# Aqua UV or Turbotwist?



## Martha Stewart (Jan 19, 2005)

Hello all, I've got a question on equipment for my 90 gal planted. Does anyone have any experience with Aqua Uv's? I was going to go with the 18w Turbotwist, but someone said go with the Aqua. Just wanted to get some feedback from you guys. Also, I plan on getting an Eheim 2222 and having a Hydor heater 300w and UV plumbed inline to it. The hose sizes on the Eheim are 1/2 inch, on the Hydor 5/8. Will this be a problem, or can I get the hose on the Hydor? Thx for any advice


----------



## gnatster (Mar 6, 2004)

Run a 15W Aqua UV on the 120 and have had nary an issue in the almost year it has been setup. Have the one with a wiper, makes makes bulb cleaning very easy and probably helps in the long term with efficacy. I keep the flow a little low to increase contact time, just a personal theory that it helps keep more of the bugs down. 

Never tried the turbo twist so I cannot comment.


----------



## Cavan Allen (Jul 22, 2004)

It can help keep the bugs down, but it can keep the iron down too. I had plants showing severe iron deficiency while I had it on for something else despite the addition of LOTS of iron. A UV unit really isn't necessary for day to day use anyway. They can, however, be good to have on hand if certain problems do arise.


----------



## Raul-7 (Feb 4, 2004)

You only need to run a UV sterilizer for a couple of hours a day. For example, just use a timer to run it for 3-4 hours after the lights go out. This will provide you with the same clarity, and you won't run the risk of oxidizing Fe. Also, it will increase bulb-life.


----------



## Cavan Allen (Jul 22, 2004)

The same thing can happen when you only run it a couple hours a day. It doesn't take long to oxidize the iron. And again, it just isn't necessary. In my opinion, the money would be better spent elsewhere if money is an issue.


----------



## Martha Stewart (Jan 19, 2005)

Thx for the quick replies guys. I'll gladly spend the money on a UV if it helps protect my fish from diseases. Any comments on the hose size question? And gnaster what's your flow rate?


----------



## gnatster (Mar 6, 2004)

Flow approx 200gph, the unit I have can handle 700gph. 
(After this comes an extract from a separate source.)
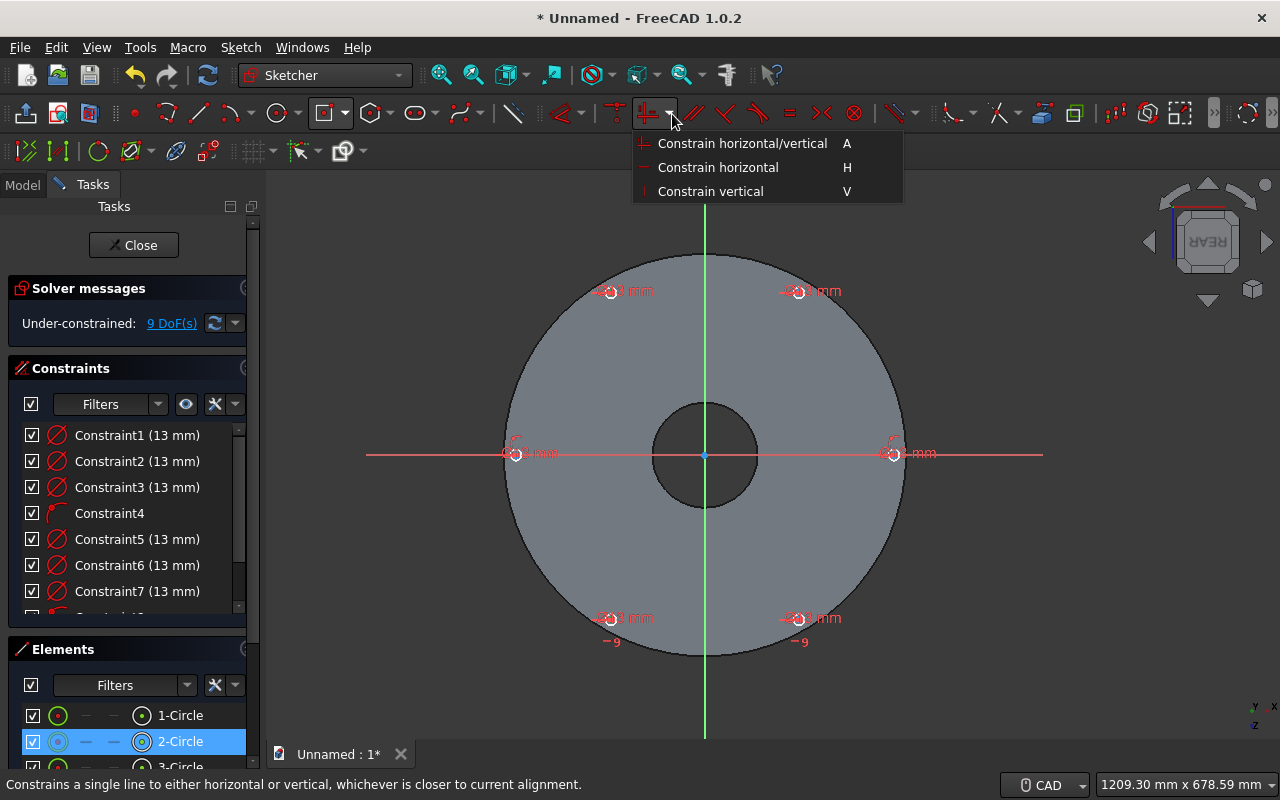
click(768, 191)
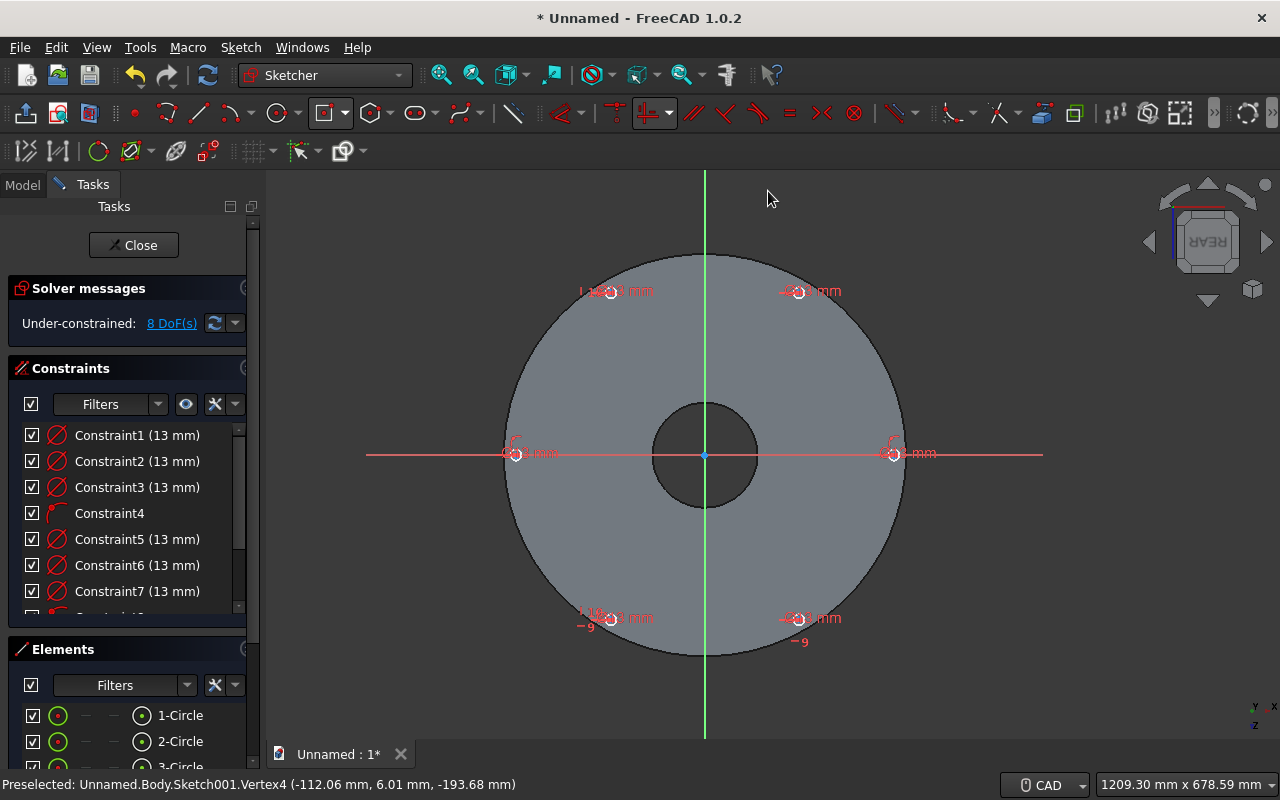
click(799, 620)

Hose wise I use all 3/4" so I'm not much help there.

I'm not even going to step into the UV and Fe degradation morass. Lets just say I find it a non issue, I run UV 24/7 and dose traces daily.


----------



## magicmagni (Aug 19, 2004)

gnatster said:


> Run a 15W Aqua UV on the 120 and have had nary an issue in the almost year it has been setup. Have the one with a wiper, makes makes bulb cleaning very easy and probably helps in the long term with efficacy. I keep the flow a little low to increase contact time, just a personal theory that it helps keep more of the bugs down.


I actually downloaded this PDF on the turbo twist here
http://www.esuweb.com/productinstruct/pdf/096316770713.pdf

It explains that different flow rates kill different things. Seems that lower flow rates kill parasites and higher flow rates kill bacteria and flow rates in the middle kill algae. I don't know if the same thing goes for the Aqua unit, but I don't see why not. This leads me to wonder, what the heck you do when you want to kill all three?


----------



## gnatster (Mar 6, 2004)

> It explains that different flow rates kill different things. Seems that lower flow rates kill parasites and higher flow rates kill bacteria and flow rates in the middle kill algae. I don't know if the same thing goes for the Aqua unit, but I don't see why not. This leads me to wonder, what the heck you do when you want to kill all three?


At the high end only the bacteria are zapped, but if slow the flow there is a longer dwell time so not only the bacteria but also the algae are zapped too. Slow the flow even more and all the desired bugs are zapped.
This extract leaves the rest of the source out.